Commanders and leaders
- William Walker ; Charles Henningsen; Byron Cole [es] †; Birkett D. Fry; Patricio Rivas; Francisco Castellón #; Nazario Escoto; Ponciano Corral ; Trinidad Muñoz †;: Tomás Martínez; Máximo Jerez; José María Estrada X; Ponciano Corral ; Juan Rafael Mora; José Joaquín Mora; José María Cañas; Ramón Belloso; Gerardo Barrios; Mariano Paredes; Florencio Xatruch; Sylvanus Spencer;

Strength
- Per Henningsen:; 2,518 total;: Per Henningsen:; 17,800 total 6,300 (Nicaraguans); 11,500 (allies); ;

Casualties and losses
- Per Henningsen:; 1,000 killed in action or died to disease; 80 captured; 700 deserted;: Per Henningsen:; 5,860 killed or wounded; Unknown died to disease;

= Filibuster War =

1856–57 invasion of Nicaragua by American filibuster William Walker

The Filibuster War, also referred to the Walker affair and known in Costa Rica as the National Campaign of 1856–1857, (Note: Campaña Nacional de 1856–1857) was a war fought in Central America between 1855 and 1857. The militaries of Costa Rica, El Salvador, Guatemala, Honduras, and Nicaragua established the Allied Central American Army and fought against American filibusters led by William Walker who had taken over the Nicaraguan government.

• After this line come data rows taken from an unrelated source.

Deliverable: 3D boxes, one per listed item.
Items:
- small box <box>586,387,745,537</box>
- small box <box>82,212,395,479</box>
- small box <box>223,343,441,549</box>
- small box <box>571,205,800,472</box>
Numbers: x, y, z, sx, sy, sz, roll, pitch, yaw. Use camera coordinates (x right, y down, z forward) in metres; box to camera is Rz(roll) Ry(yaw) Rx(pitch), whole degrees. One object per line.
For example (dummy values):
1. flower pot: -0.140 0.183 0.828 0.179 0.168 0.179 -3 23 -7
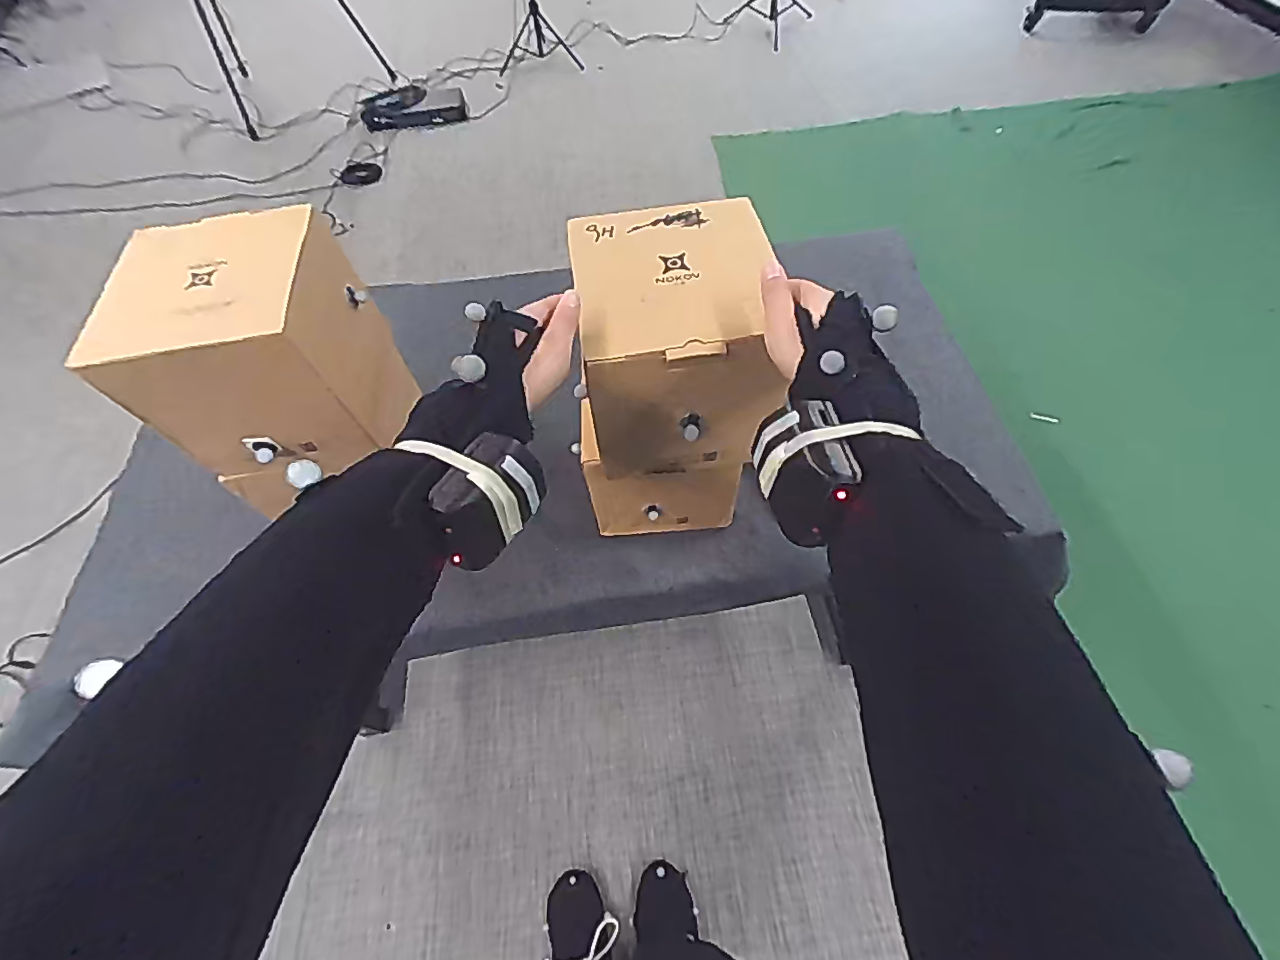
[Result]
1. small box: 0.024 -0.048 0.655 0.168 0.176 0.179 -5 58 0
2. small box: -0.358 -0.126 0.528 0.168 0.176 0.179 -11 59 -3
3. small box: -0.356 -0.038 0.666 0.168 0.176 0.179 -11 59 -4
4. small box: 0.033 -0.121 0.508 0.168 0.176 0.179 -8 59 -2

In 1854, the Democratic Party of Nicaragua led by Francisco Castellón launched a rebellion against the Legitimist government of President Fruto Chamorro. During the war, American businessman Byron Cole became acquainted with Castellón and convinced him to invite American filibusters led by Walker to militarily support his faction. Walker's force of 58 men arrived in Nicaragua in June 1855. Walker captured the Legitimist capital of Granada in October 1855 and established a government with Patricio Rivas as its president, however, Walker held the real power.

In March 1856, Costa Rica declared war on Walker's government. Filibusters invaded Costa Rica but were defeated at the Battle of Santa Rosa. Costa Rican president Juan Rafael Mora led a counterattack the following month and defeated the filibusters at the Second Battle of Rivas, but Mora withdrew due to a cholera outbreak among his troops. The governments of El Salvador and Guatemala soon sent soldiers to help overthrow Walker and the filibusters suffered defeats at San Jacinto and Masaya. Walker lost control of Granada, the capital, in December 1856. Walker surrendered to United States Navy commander Charles Henry Davis on 1 May 1857.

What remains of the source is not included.